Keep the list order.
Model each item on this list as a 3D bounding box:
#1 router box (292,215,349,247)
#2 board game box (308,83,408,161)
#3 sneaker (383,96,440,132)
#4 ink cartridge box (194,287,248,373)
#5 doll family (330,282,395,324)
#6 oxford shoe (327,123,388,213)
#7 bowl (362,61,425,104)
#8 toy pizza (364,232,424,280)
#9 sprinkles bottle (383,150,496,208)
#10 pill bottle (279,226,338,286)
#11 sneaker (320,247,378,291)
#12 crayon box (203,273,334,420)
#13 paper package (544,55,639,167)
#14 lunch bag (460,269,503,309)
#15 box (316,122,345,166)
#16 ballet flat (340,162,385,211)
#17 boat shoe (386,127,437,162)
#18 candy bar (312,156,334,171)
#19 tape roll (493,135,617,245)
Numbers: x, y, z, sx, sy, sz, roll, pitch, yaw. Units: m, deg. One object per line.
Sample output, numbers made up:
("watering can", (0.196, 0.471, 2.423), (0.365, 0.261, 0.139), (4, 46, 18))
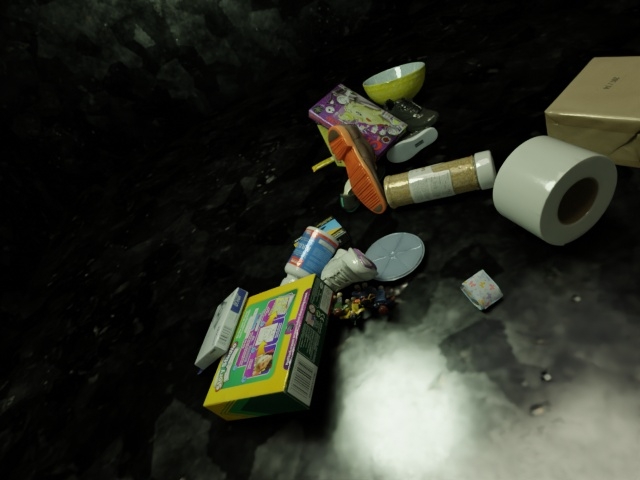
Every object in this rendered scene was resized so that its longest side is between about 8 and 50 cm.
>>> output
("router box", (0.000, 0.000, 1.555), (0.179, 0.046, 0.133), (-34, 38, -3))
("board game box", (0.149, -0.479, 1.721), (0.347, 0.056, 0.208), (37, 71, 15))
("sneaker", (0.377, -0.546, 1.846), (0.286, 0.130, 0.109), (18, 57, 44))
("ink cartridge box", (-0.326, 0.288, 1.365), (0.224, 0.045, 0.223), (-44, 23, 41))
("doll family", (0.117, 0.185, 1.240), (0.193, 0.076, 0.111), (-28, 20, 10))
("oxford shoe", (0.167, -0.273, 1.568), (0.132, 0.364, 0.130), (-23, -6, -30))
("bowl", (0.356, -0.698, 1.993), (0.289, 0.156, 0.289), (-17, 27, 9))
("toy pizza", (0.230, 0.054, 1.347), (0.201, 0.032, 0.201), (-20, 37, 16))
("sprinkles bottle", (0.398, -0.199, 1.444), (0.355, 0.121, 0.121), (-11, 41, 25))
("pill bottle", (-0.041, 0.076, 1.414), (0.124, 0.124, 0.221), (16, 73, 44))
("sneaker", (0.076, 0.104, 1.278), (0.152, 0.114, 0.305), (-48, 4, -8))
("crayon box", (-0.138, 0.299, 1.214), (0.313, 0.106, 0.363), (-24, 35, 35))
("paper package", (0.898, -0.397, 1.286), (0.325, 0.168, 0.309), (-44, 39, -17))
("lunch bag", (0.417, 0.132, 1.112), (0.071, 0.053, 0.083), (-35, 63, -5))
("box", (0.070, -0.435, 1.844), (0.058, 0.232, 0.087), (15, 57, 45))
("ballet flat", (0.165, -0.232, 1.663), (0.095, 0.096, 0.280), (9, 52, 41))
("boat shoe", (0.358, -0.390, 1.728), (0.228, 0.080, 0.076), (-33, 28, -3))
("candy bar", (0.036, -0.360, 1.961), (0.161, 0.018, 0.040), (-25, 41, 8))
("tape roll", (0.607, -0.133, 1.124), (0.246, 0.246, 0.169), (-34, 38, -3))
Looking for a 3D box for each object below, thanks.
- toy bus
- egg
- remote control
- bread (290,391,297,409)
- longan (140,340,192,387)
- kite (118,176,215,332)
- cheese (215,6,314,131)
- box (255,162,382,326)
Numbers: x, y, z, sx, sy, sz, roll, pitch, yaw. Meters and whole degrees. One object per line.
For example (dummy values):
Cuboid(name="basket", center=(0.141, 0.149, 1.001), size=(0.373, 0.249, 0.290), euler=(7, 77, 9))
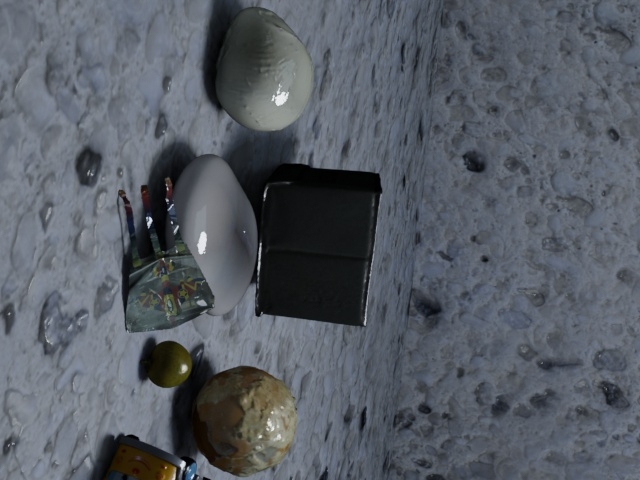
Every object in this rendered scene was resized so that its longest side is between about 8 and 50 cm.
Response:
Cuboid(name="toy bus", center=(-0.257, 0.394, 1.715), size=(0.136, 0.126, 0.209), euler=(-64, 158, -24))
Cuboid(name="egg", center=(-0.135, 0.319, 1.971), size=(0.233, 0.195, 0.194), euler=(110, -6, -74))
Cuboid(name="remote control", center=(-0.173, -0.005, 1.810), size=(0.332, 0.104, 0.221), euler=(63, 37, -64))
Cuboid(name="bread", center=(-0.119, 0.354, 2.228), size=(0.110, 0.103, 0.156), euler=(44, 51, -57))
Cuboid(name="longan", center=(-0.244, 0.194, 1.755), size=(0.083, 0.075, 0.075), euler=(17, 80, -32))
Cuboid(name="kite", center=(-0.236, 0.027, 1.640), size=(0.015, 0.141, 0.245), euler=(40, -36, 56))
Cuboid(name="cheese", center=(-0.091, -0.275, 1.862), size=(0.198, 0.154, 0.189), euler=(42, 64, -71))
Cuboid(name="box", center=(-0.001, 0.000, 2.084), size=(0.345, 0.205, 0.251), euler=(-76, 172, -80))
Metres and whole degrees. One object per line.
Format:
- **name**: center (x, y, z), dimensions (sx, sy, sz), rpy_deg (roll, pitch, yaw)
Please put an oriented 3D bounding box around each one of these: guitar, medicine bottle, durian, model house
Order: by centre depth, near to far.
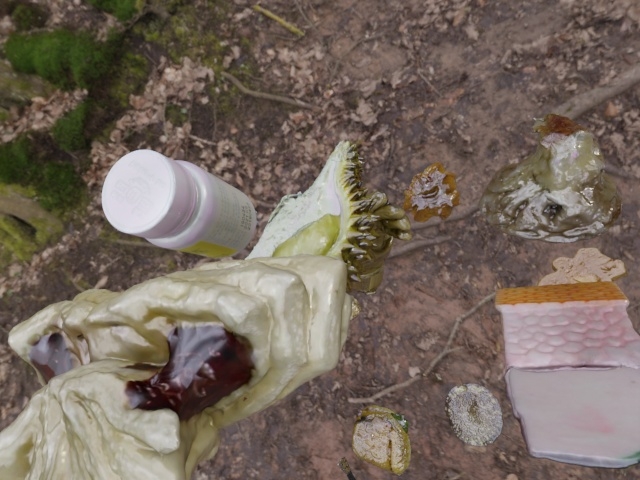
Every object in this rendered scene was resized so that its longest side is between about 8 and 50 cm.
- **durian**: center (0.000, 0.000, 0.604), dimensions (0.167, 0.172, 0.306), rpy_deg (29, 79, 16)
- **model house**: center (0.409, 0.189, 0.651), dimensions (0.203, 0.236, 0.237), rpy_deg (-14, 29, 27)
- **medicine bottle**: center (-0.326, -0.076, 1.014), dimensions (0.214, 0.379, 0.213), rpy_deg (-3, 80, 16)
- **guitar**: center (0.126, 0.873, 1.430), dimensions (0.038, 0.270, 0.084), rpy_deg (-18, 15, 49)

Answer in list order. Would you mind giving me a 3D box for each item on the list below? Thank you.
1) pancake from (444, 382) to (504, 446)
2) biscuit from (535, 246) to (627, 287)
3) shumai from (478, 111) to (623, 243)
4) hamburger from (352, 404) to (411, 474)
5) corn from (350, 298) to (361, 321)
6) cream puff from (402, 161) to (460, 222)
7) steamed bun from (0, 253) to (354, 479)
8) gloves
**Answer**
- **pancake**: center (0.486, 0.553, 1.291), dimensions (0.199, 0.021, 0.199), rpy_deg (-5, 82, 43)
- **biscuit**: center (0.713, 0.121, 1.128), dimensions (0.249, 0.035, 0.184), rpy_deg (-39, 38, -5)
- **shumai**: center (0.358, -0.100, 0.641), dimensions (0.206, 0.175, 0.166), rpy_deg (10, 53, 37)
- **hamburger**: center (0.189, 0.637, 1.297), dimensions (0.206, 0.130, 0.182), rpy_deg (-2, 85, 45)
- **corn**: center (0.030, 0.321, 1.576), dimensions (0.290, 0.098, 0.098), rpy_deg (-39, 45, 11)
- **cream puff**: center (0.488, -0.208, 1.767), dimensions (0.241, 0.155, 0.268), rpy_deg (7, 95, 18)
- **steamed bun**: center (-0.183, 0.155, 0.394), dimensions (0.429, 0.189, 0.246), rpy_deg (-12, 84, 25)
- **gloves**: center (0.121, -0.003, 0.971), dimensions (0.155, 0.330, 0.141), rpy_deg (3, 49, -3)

* **WHAT TO PRODUCE**
Count every line of the records that includes "whole", and give that number with no other words.

* **EXERCISE OUTPUT**
2